Anal Chem. 2013 Mar 19;85(6):3071-8. doi: 10.1021/ac302528v. Epub 2013 Mar 6.
A memory efficient algorithm for the computation of principal component analysis (PCA) of large mass spectrometry imaging data sets is presented. Mass spectrometry imaging (MSI) enables two- and three-dimensional overviews of hundreds of unlabeled molecular species in complex samples such as intact tissue. PCA, in combination with data binning or other reduction algorithms, has been widely used in the unsupervised processing of MSI data and as a dimentionality reduction method prior to clustering and spatial segmentation. Standard implementations of PCA require the data to be stored in random access memory. This imposes an upper limit on the amount of data that can be processed, necessitating a compromise between the number of pixels and the number of peaks to include. With increasing interest in multivariate analysis of large 3D multislice data sets and ongoing improvements in instrumentation, the ability to retain all pixels and many more peaks is increasingly important. We present a new method which has no limitation on the number of pixels and allows an increased number of peaks to be retained.

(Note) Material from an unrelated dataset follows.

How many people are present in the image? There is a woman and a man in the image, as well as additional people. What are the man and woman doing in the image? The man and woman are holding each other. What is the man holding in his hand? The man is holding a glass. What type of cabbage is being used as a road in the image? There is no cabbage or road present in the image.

The new technique was validated against the MATLAB (The MathWorks Inc., Natick, Massachusetts) implementation of PCA (princomp) and then used to reduce, without discarding peaks or pixels, multiple serial sections acquired from a single mouse brain which was too large to be analyzed with princomp. Then, k-means clustering was performed on the reduced data set. We further demonstrate with simulated data of 83 slices, comprising 20,535 pixels per slice and equaling 44 GB of data, that the new method can be used in combination with existing tools to process an entire organ. MATLAB code implementing the memory efficient PCA algorithm is provided.

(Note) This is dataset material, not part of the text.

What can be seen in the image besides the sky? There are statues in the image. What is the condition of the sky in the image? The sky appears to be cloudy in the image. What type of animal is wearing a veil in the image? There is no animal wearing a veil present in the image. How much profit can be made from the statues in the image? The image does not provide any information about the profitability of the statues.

提出了一种用于计算大型质谱成像数据集主成分分析(PCA)的内存高效算法。质谱成像(MSI)能够在复杂样本(如完整组织)中对数百种未标记的分子物种进行二维和三维概述。PCA 与数据-bin 或其他降维算法相结合,已广泛应用于 MSI 数据的无监督处理,以及在聚类和空间分割之前作为降维方法。PCA 的标准实现要求数据存储在随机存取存储器中。这对可以处理的数据量施加了上限,因此需要在像素数量和要包含的峰数量之间进行折衷。随着对大型 3D 多切片数据集的多元分析的兴趣增加以及仪器的不断改进,保留所有像素和更多峰的能力变得越来越重要。我们提出了一种新方法,该方法对像素数量没有限制,并允许保留更多的峰。新方法通过与 MATLAB(马萨诸塞州纳蒂克的 The MathWorks Inc.)实现的 PCA(princomp)进行验证,然后用于减少单个鼠标大脑的多个连续切片,而无需丢弃峰或像素,该大脑太大而无法用 princomp 进行分析。然后,在缩减的数据集中执行 k-均值聚类。我们进一步用包含 83 个切片、每个切片包含 20,535 个像素、总计 44GB 数据的模拟数据证明,新方法可以与现有工具结合使用来处理整个器官。提供了实现内存高效 PCA 算法的 MATLAB 代码。